Described as a veritable lovechild between punk rock and late-19th century expressionism, Frank Wedekind’s “Spring Awakening” has something for everybody.
OpenStage Theatre & Company is performing the revolutionary piece at the Lincoln Center throughout the month.
Adapted from the original 1891 German play by Wedekind, the 2006 show features a rock score by Duncan Sheik and won eight Tony Awards, including Best Musical. Thematically, it explores the adolescent self-discovery of its protagonists, friends Wendla, Moritz and Melchior.
The director of the Fort Collins production is Candice Ingold, a CSU adjunct professor of acting and directing at the UCA. Ingold has been a teacher and a director for 11 years, is the recipient of a 2003 grant to introduce drama to curricula in 13 different countries and is a CSU alumna.
“What’s different about ‘Spring Awakening’ from anything else I’ve ever done before is its heavy content and controversial nature,” Ingold said. “It was banned in Germany because of its sheer rawness. The production is a combination of stillness and explosiveness.”
According to Ingold, the music sounds like it belongs in a Green Day concert, and the themes range from suicide to homosexuality to abortion. Ingold said the play is a personal project for her because her brother took his own life the year it was released.
“I think college students can relate most to the content since it’s geared towards them,” Ingold said. “I had four students email me saying that they were non-theater majors and they never realized before seeing this how fun theater can be.”
It has been the most challenging show she has ever worked on and has provided the most professional growth, Ingold said. As much credit is owed to the vocal coach as is owed to her own directorial efforts, according to Ingold.
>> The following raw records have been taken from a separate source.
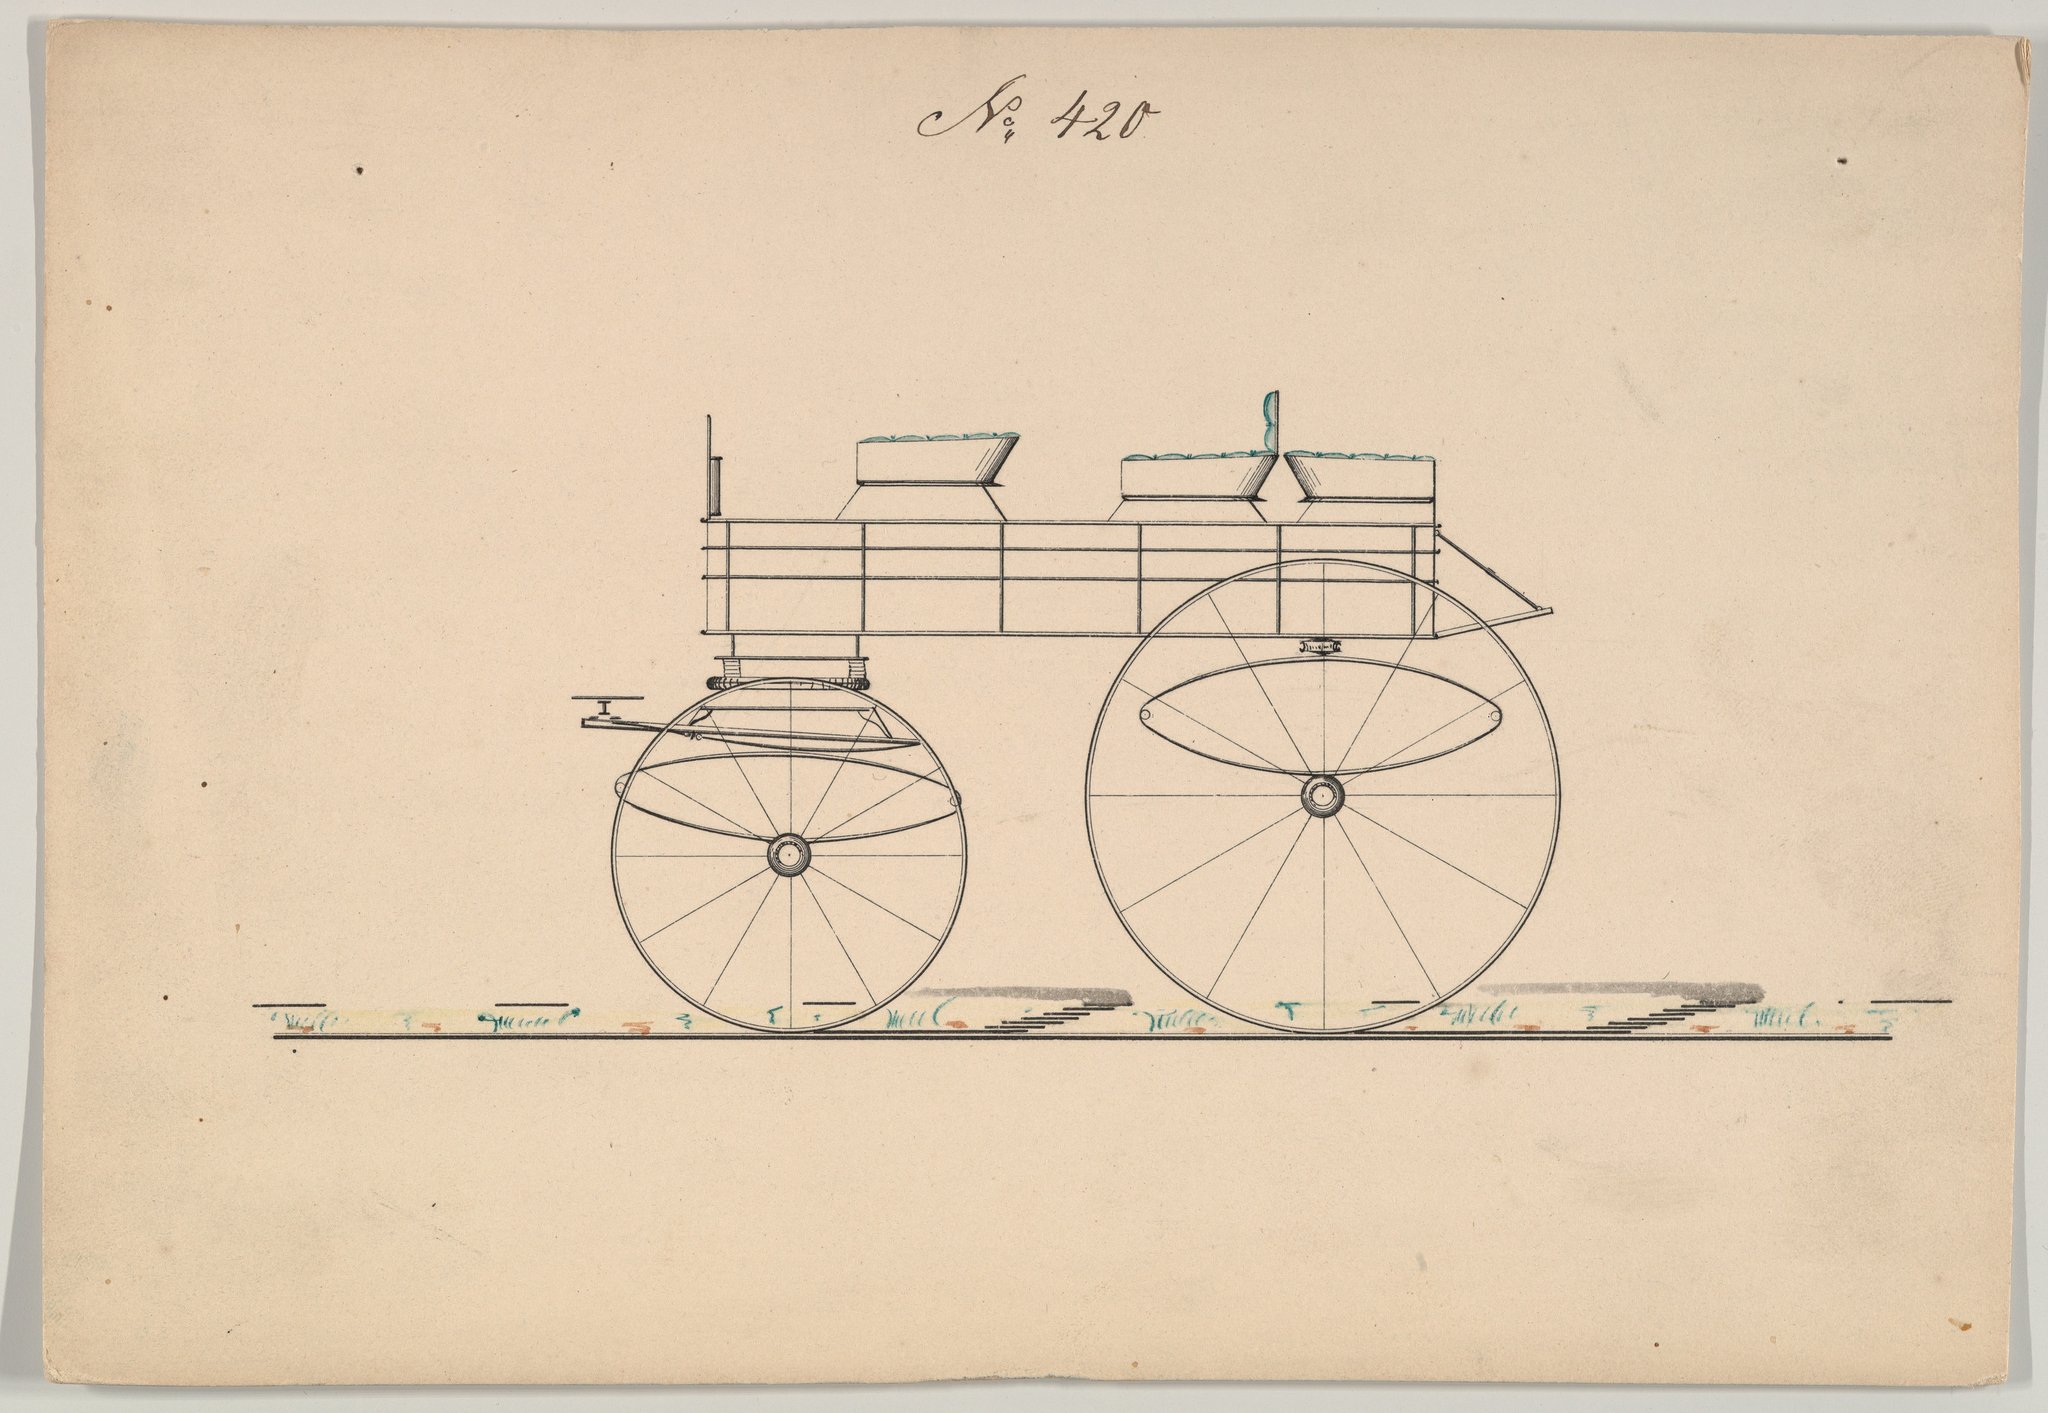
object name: drawing
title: Carriage Design Drawing for Express Wagon No. 420
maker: brewster & co.
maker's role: manufacturer
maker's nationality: american
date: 1850-1870
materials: ink, watercolor
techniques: pen
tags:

The vocal coach is Katie Rothstein. Rothstein is also a UCA assistant professor as well as a CSU alumna, earning both her undergraduate degree in music and her graduate degree in vocal performance here.
“As an artist, I have a punchline that applause determines my self-worth,” Rothstein said. “If I’m not on stage, then I like helping other people realize this joy that we bring to ourselves and to others.”
Rothstein said that audiences can expect such entertainment out of “Spring Awakening.” Even though it challenges expectations for typical musicals, it is emotional and moving and viewers so far have responded well to it, according to Rothstein.
One of these prospective audience members is CSU student Evelynn Helman, a junior majoring in theater. According to Helman, she saw a CSU production of “Spring Awakening” a few years ago.
“It’s a very dark play, which touches on everything from being a high school student all the way to rape,” Helman said. “Where other plays lack, this one is not afraid to go that extra mile. Also, it’s a musical, which adds so much to any play.”
Tickets Friday night cost $10, a third of the regular price, if you call the Lincoln Center box office in advance, and Odell Brewing Company is serving free beer at intermission Friday only. The show begins at 8 p.m. every date. You can catch it tonight and tomorrow, Nov. 14-16, 21-23 and 28-29.
As painful as it is to be a teenager, “Spring Awakening” aims to make it beautiful by capturing the timeless passion and raw truth of adolescence that lesser works of art are too afraid to talk about.